TEST_TSV = DATA_DIR / "test.tsv"

  from .autonotebook import tqdm as notebook_tqdm


Using device: cuda


In [2]:
class CyrillicOCRDataset(Dataset):
    def __init__(self, tsv_file, img_dir, processor, max_target_length=128):
        self.processor = processor
        self.max_target_length = max_target_length
        self.img_dir = Path(img_dir)
        
        # Загрузка данных из TSV
        self.df = pd.read_csv(tsv_file, sep='\t', header=None, names=['image', 'text'])
        print(f"Loaded {len(self.df)} samples from {tsv_file}")
        
    def __len__(self):
        return len(self.df)
    
    def __getitem__(self, idx):
        # Загрузка изображения
        img_name = self.df.iloc[idx]['image']
        img_path = self.img_dir / img_name
        
        try:
            image = Image.open(img_path).convert("RGB")
        except Exception as e:
            print(f"Error loading image {img_path}: {e}")
            # Возвращаем пустое изображение в случае ошибки
            image = Image.new('RGB', (384, 384), (255, 255, 255))
        
        # Текст
        text = str(self.df.iloc[idx]['text'])
        
        # Обработка изображения
        pixel_values = self.processor(image, return_tensors="pt").pixel_values
        
        # Токенизация текста
        labels = self.processor.tokenizer(
            text, 
            padding="max_length", 
            max_length=self.max_target_length,
            truncation=True,
            return_tensors="pt"
        ).input_ids
        
        # Замена padding токенов на -100 для игнорирования при вычислении loss
        labels[labels == self.processor.tokenizer.pad_token_id] = -100
        
        encoding = {
            "pixel_values": pixel_values.squeeze(),
            "labels": labels.squeeze()
        }
        
        return encoding

In [3]:
# Загрузка предобученной модели TroCR Small
model_name = "microsoft/trocr-small-handwritten"
processor = TrOCRProcessor.from_pretrained(model_name)
model = VisionEncoderDecoderModel.from_pretrained(model_name)

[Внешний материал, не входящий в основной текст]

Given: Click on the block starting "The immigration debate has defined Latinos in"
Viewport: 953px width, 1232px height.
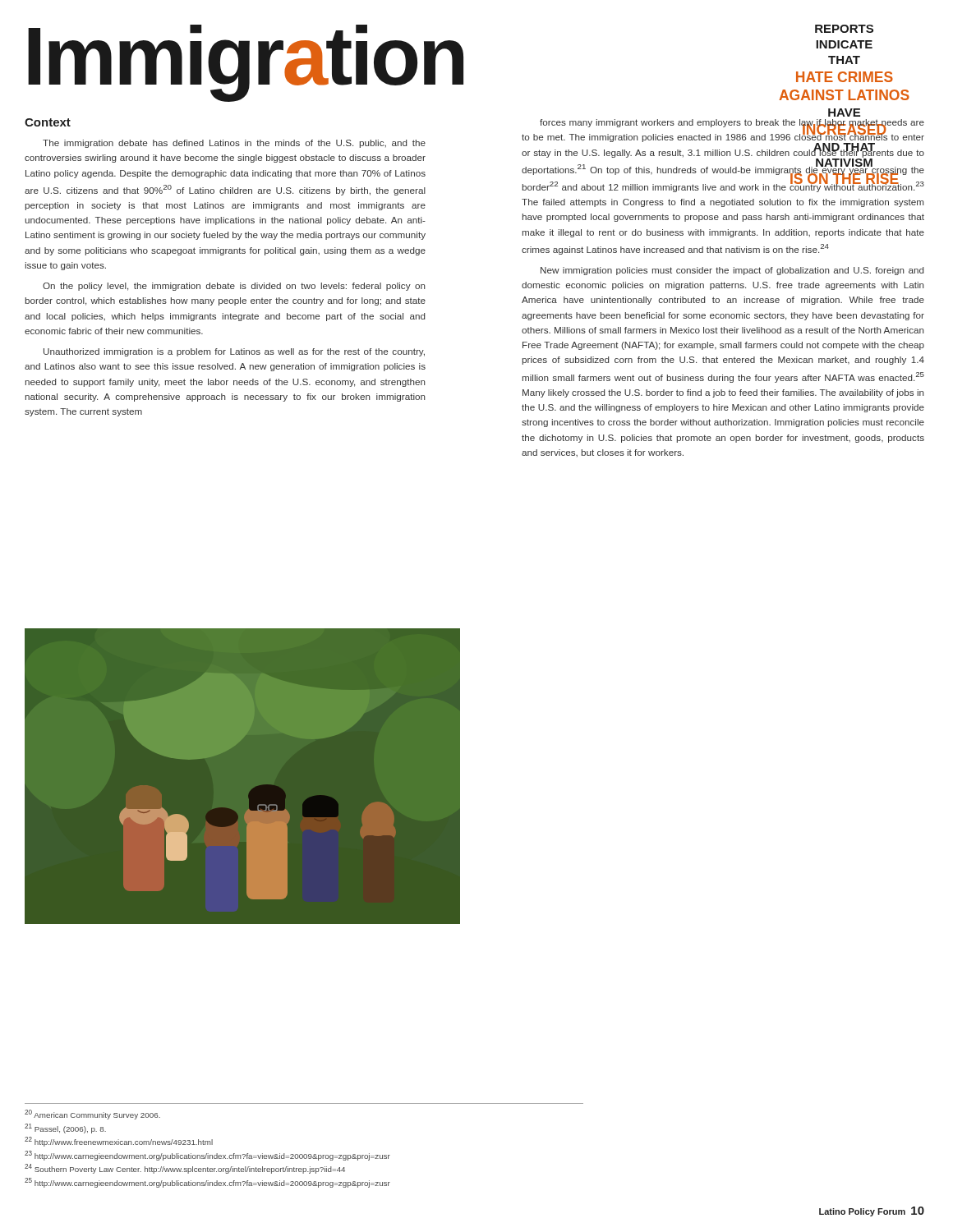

# Настройка параметров генерации
model.config.decoder_start_token_id = processor.tokenizer.cls_token_id
model.config.pad_token_id = processor.tokenizer.pad_token_id
model.config.vocab_size = model.config.decoder.vocab_size
model.config.eos_token_id = processor.tokenizer.sep_token_id

# Параметры beam search для инференса
model.config.max_length = 128
model.config.early_stopping = True
model.config.no_repeat_ngram_size = 3
model.config.length_penalty = 2.0
model.config.num_beams = 4

print(f"Model loaded: {model_name}")
print(f"Vocab size: {model.config.vocab_size}")

Using a slow image processor as `use_fast` is unset and a slow processor was saved with this model. `use_fast=True` will be the default behavior in v4.52, even if the model was saved with a slow processor. This will result in minor differences in outputs. You'll still be able to use a slow processor with `use_fast=False`.
Some weights of VisionEncoderDecoderModel were not initialized from the model checkpoint at microsoft/trocr-small-handwritten and are newly initialized: ['encoder.pooler.dense.bias', 'encoder.pooler.dense.weight']
You should probably TRAIN this model on a down-stream task to be able to use it for predictions and inference.


Model loaded: microsoft/trocr-small-handwritten
Vocab size: 64044


In [4]:
# Создание тренировочного и валидационного датасетов
train_dataset = CyrillicOCRDataset(
    tsv_file=TRAIN_TSV,
    img_dir=TRAIN_DIR,
    processor=processor,
    max_target_length=128
)

eval_dataset = CyrillicOCRDataset(
    tsv_file=TEST_TSV,
    img_dir=TEST_DIR,
    processor=processor,
    max_target_length=128
)

print(f"Train dataset size: {len(train_dataset)}")
print(f"Eval dataset size: {len(eval_dataset)}")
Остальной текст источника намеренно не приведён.